I notice the hand that grips my shoulder is struggling to hold me still. It’s the hand I saw bandaged several days ago, one I suspect is permanently injured.
“I’ll take you the back way. I’ll find a way.”
His voice drips with a hatred I can’t understand. Why? When once we were so close. Or were we?
Now I look back and think about it, he was just a boy using a vulnerable girl. He never cared for me. Not in the way the Princes do, or the Professor does, or even Fly does, or Clare did. Even my dragon cares for me more than this boy ever did.
But I’m curious, nonetheless. I want to know. I want to understand what I did to make him this way.
“Why do you hate me so much, Stanley?” I whisper.
“Because you belong in Slate. That’s where you’ve always belonged. Those assholes with their expensive clothes and pretty jewels have put ideas in your head. Made you believe you are worth more than you are. When you aren’t. You’re worth nothing, nothing at all.”
It isn’t about that at all, of course. It’s about power. Once, he had some over me. Now he’s lost it and it’s made him angry, jealous, and cruel.
“And where do you belong, Stanley?”
“Somewhere better,” he says. “Somewhere better than you.
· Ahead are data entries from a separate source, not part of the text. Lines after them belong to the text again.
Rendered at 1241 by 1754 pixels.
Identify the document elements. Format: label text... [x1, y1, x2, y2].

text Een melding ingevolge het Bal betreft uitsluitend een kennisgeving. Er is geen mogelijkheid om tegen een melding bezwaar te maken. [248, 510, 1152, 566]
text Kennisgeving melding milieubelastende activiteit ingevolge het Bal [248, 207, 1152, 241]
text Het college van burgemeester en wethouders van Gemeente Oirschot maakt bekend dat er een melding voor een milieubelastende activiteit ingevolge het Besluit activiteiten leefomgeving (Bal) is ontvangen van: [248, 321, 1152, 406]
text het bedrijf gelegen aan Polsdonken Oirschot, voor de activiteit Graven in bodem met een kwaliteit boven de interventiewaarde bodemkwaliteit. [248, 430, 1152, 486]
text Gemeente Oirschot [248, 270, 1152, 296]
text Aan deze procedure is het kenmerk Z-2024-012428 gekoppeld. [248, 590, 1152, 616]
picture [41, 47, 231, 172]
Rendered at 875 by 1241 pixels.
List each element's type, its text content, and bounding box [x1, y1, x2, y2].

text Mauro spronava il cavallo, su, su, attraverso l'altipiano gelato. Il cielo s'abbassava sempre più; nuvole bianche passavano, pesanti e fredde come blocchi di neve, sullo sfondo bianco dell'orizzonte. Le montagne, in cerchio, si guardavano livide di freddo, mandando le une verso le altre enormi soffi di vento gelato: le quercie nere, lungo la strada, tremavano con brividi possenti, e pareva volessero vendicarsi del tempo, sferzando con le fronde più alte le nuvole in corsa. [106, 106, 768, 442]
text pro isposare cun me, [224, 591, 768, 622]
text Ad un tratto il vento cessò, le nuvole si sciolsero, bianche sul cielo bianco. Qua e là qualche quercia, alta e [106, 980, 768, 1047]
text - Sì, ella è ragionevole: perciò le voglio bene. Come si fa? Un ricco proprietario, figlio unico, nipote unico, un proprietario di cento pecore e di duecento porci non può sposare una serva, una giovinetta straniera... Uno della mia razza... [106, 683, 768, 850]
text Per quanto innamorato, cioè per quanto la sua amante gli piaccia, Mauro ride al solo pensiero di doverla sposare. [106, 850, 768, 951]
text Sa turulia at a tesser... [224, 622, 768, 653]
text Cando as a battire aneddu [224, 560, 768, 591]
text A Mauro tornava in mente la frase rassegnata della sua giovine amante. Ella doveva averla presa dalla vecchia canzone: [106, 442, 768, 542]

Iron.”
“Maybe we all deserve somewhere better.”
“Stupid dreams,” he says. “Stupid words. You think I’m dumb, Briony Storm, but I’m not.
I know how this ends. If you’re lucky enough to survive this, if you’re lucky enough to defeat the Empress – and let’s face it,” he digs that knife a little further into my throat, his fingers squeezing as hard as they can against the bones of my shoulder, “that’s looking mighty unlikely right now – all you’ll do is put your little boyfriend on the throne, and nothing – nothing at all – will change. Not for people like me.”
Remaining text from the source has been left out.